07-13-2005, 04:36 PM

So I got some data about distribution of VPIPs over 2000+ players who had more than 50 hands in my database. I was hoping someone with a bigger (5/10 6-max) database would contribute, but this might be a sizable enough sample for my purposes.

<5 0
<10 2
<15 32
<20 180
<25 415
<30 701
<35 967
<40 1249
<45 1495
<50 1705
<55 1923
<60 2078
<65 2192
<70 2256
<75 2306
<80 2327
<85 2340
<90 2346
<95 2353
<100 2355

and I translated these into fractions of 2355, and put them in excel like this:

Hands: 10
Paid for flop: 8
0.05 0.00000000 0.00000000
0.10 0.00084926 0.00000000
0.15 0.01273885 0.00000011
0.20 0.06284501 0.00000463
0.25 0.09978769 0.00003854
0.30 0.16390658 0.00023712
0.35 0.11295117 0.00048359
0.40 0.11974522 0.00127131
0.45 0.10445860 0.00239101
0.50 0.08917197 0.00391869
0.55 0.09256900 0.00706325
0.60 0.06581741 0.00795945
0.65 0.04840764 0.00850295
0.70 0.02717622 0.00634495
0.75 0.02216312 0.00624042
0.80 0.00806794 0.00243644
0.85 0.00581655 0.00160477
0.90 0.00254777 0.00049353
0.95 0.00084926 0.00006338
sum all 0.049054
.4 to .9 0.973073

The third column uses this formula:
=POWER(A3,$C$2) * POWER(1-A3,$C$1-$C$2) * B3 * FACT($C$1) / FACT($C$2) / FACT($C$1-$C$2)

Now after having read the other thread, it seems I cannot say "It is 97% likely this person's true VPIP is within the 40% to 85% bins", but I can say "I am 97% confident this person's true VPIP is within the 40% to 85% bins"? Yeah, that distinction means nothing to me.
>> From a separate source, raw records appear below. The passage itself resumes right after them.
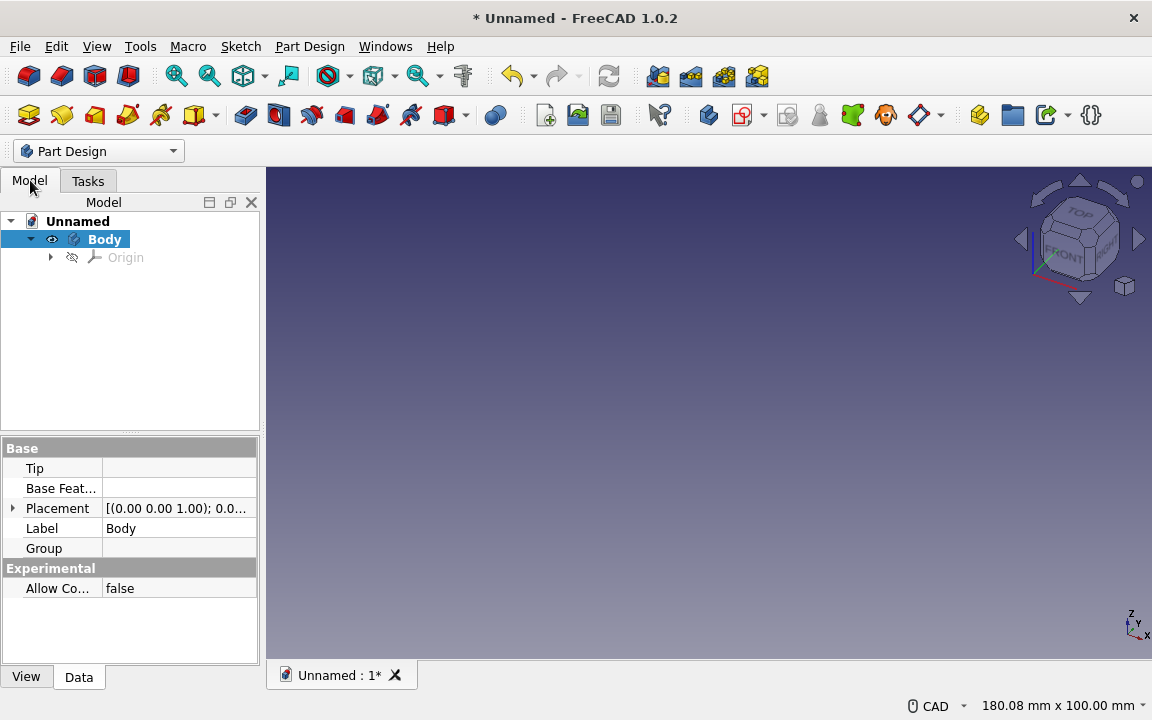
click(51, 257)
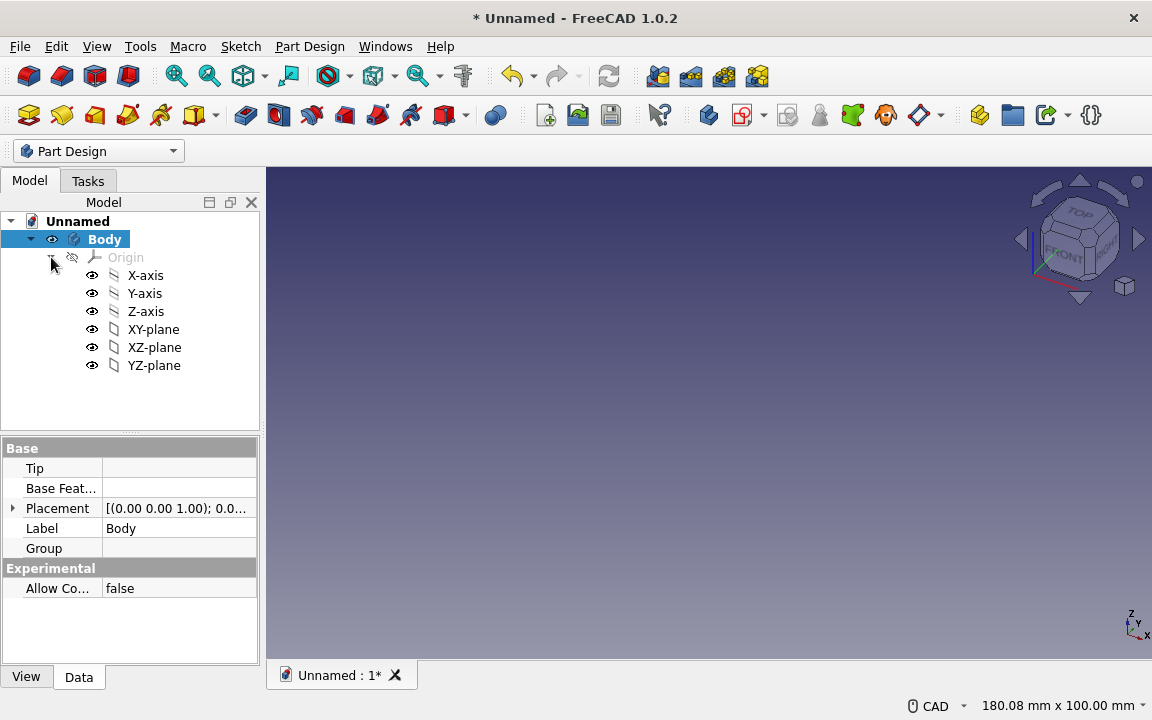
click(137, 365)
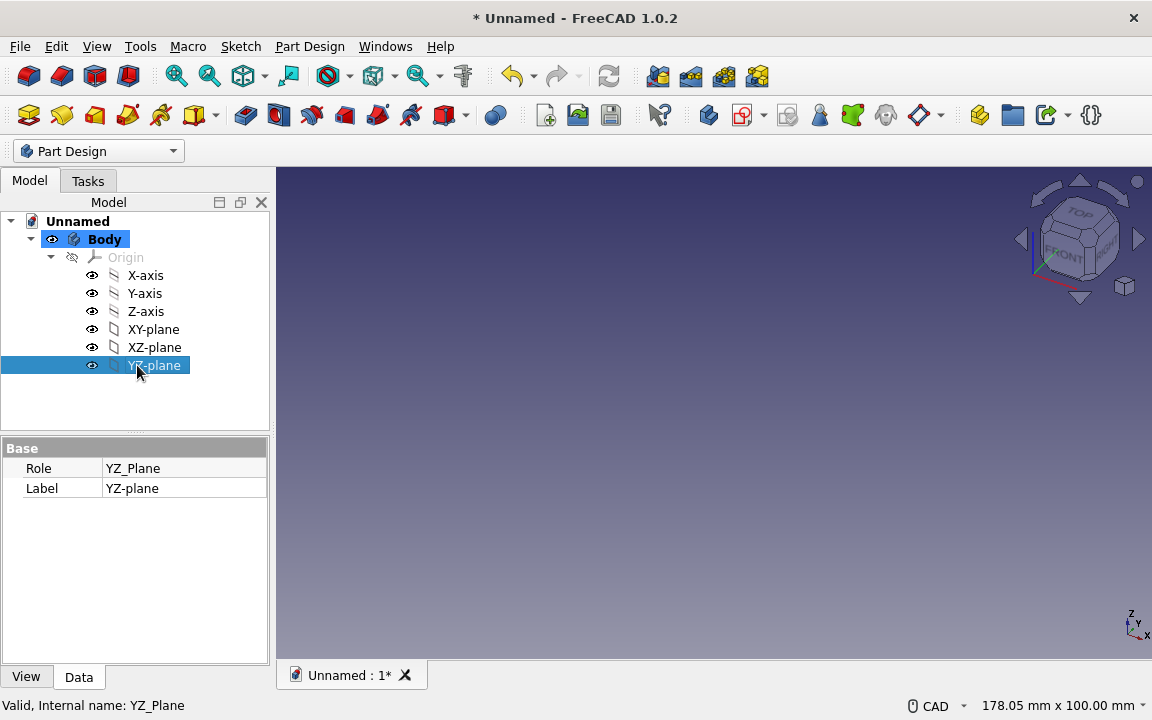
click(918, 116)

Honeslty, the former statement sound more like what I want. If I wanted to say "It is X% likely this person's true VPIP is within the range Y to Z" is there some math I could do to make that claim with some sound statistical basis?
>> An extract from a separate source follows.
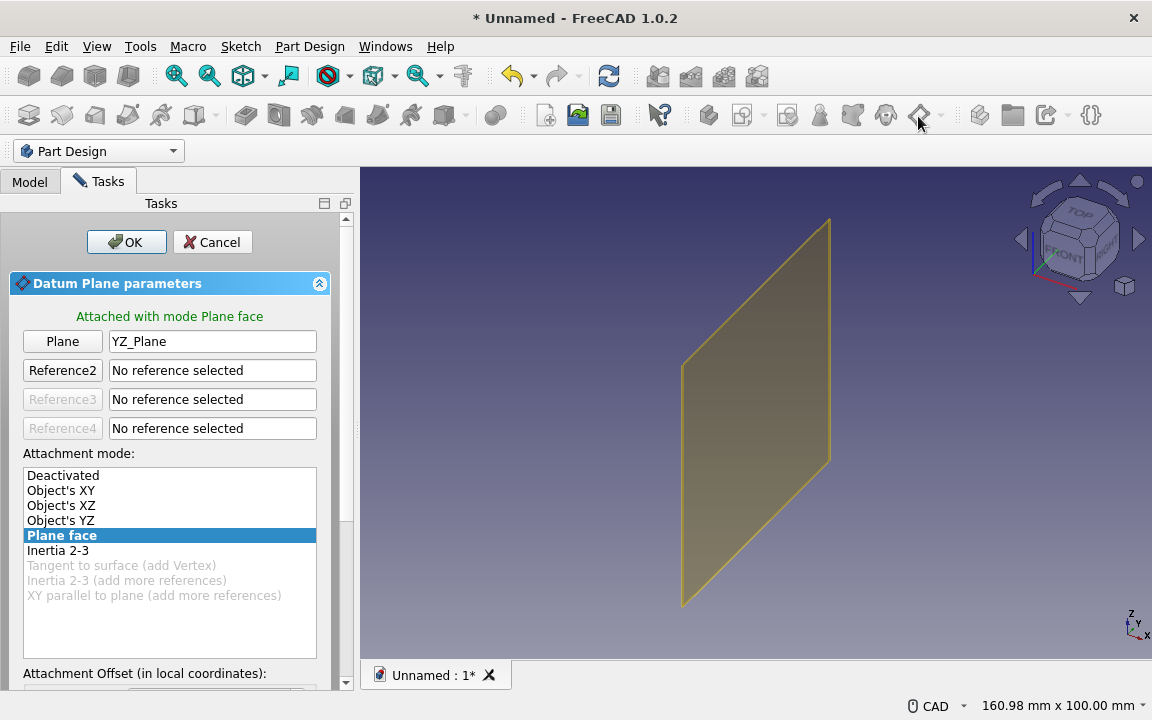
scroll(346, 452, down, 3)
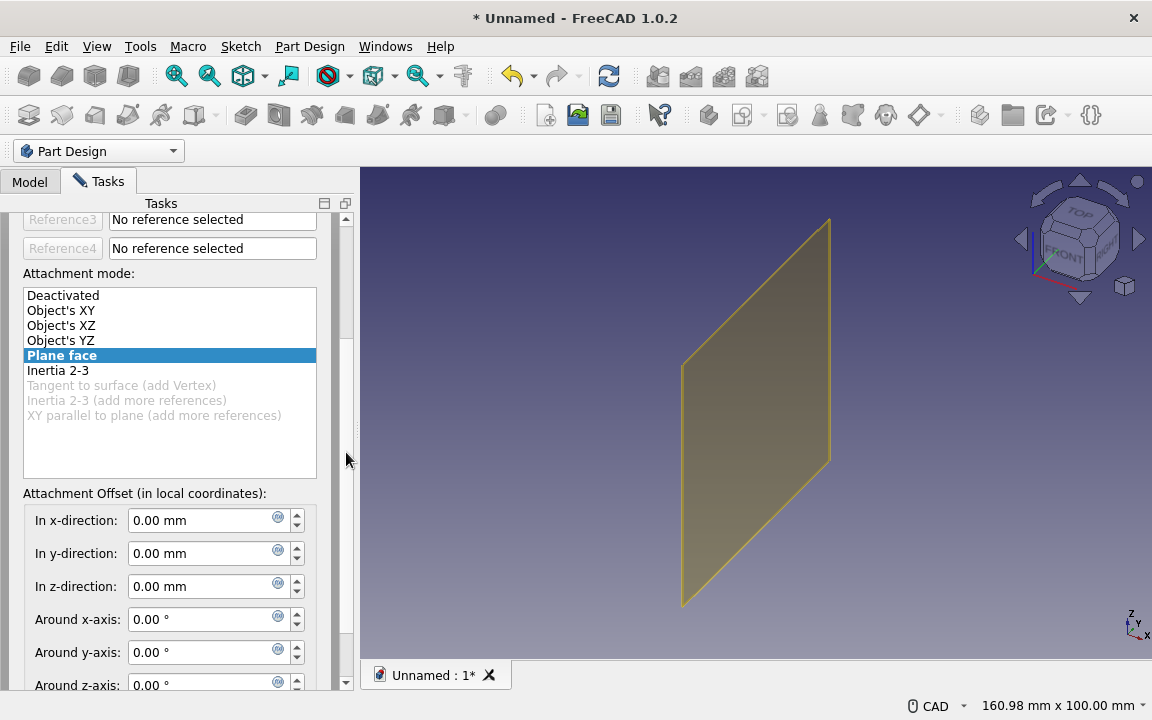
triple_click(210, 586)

Anyways, looking at how fewer trials affects confidence:
Hands: 5
Paid for flop: 4
0.05 0.00000000 0.00000000
0.10 0.00084926 0.00000038
0.15 0.01273885 0.00002741
0.20 0.06284501 0.00040221
0.25 0.09978769 0.00146173
0.30 0.16390658 0.00464675
0.35 0.11295117 0.00550866
0.40 0.11974522 0.00919643
0.45 0.10445860 0.01177950
0.50 0.08917197 0.01393312
0.55 0.09256900 0.01905895
0.60 0.06581741 0.01705987
0.65 0.04840764 0.01512187
0.70 0.02717622 0.00978752
0.75 0.02216312 0.00876569
0.80 0.00806794 0.00330463
0.85 0.00581655 0.00227721
0.90 0.00254777 0.00083580
0.95 0.00084926 0.00017293
sum all 0.123341
.4 to .9 0.894148

So I'm less confident after 5 hands than after 10 hands, which is a good result, because that's what I was expecting to see. This leads me to believe that what I'm doing might be valid, and appears to lend some crecedence to my argument that "Even one orbit of stats can give you some indication on the likely tendencies of the player being viewed".

After 50 hands I am very, very confident this player is not a rock:

Hands: 50
Paid for flop: 40
0.05 0.00000000 0.00000000
0.10 0.00084926 0.00000000
0.15 0.01273885 0.00000000
0.20 0.06284501 0.00000000
0.25 0.09978769 0.00000000
0.30 0.16390658 0.00000000
0.35 0.11295117 0.00000000
0.40 0.11974522 0.00000000
0.45 0.10445860 0.00000004
0.50 0.08917197 0.00000081
0.55 0.09256900 0.00001333
0.60 0.06581741 0.00009477
0.65 0.04840764 0.00045060
0.70 0.02717622 0.00104952
0.75 0.02216312 0.00218348
0.80 0.00806794 0.00112805
0.85 0.00581655 0.00051761
0.90 0.00254777 0.00003868
0.95 0.00084926 0.00000011
sum all 0.005477
.4 to .9 0.992917

ddubois

07-13-2005, 05:15 PM

[ QUOTE ]
.4 to .9 0.992917

[/ QUOTE ]
The last line is wrong, I changed the range in the calculation, but not the label, so it should say ".4 to .9 0.999980" or could say ".45 to .85 0.992917" (or could say ".65 to .85 0.973026", etc. etc.)